▶ [Task description]: Output every record exactly, apart from its images.

»»

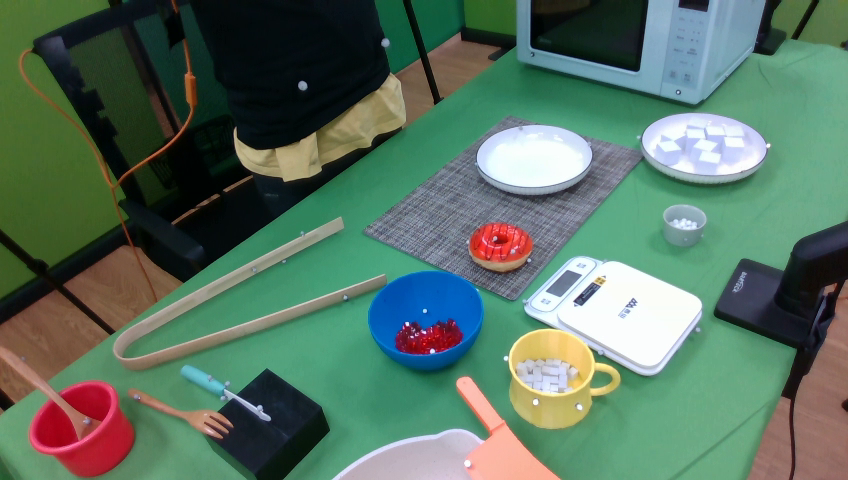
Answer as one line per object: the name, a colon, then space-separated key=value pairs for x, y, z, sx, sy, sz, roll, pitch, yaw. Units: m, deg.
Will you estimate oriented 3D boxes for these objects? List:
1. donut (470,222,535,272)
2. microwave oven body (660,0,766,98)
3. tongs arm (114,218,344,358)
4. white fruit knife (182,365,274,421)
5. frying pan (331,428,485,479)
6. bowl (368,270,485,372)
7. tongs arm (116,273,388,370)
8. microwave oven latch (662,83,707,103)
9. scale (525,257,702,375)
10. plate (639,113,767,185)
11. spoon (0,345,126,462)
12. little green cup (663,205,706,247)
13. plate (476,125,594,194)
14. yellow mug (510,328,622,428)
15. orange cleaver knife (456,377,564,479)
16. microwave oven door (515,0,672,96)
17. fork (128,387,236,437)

««

▶ [Answer to this task]:
Answer as one line per object: the name, a colon, then space-separated key=value pairs for x, y, z, sx, sy, sz, roll, pitch, yaw. Units: m, deg.
Will you estimate oriented 3D boxes for these objects? List:
1. donut (470,222,535,272)
2. microwave oven body (660,0,766,98)
3. tongs arm (114,218,344,358)
4. white fruit knife (182,365,274,421)
5. frying pan (331,428,485,479)
6. bowl (368,270,485,372)
7. tongs arm (116,273,388,370)
8. microwave oven latch (662,83,707,103)
9. scale (525,257,702,375)
10. plate (639,113,767,185)
11. spoon (0,345,126,462)
12. little green cup (663,205,706,247)
13. plate (476,125,594,194)
14. yellow mug (510,328,622,428)
15. orange cleaver knife (456,377,564,479)
16. microwave oven door (515,0,672,96)
17. fork (128,387,236,437)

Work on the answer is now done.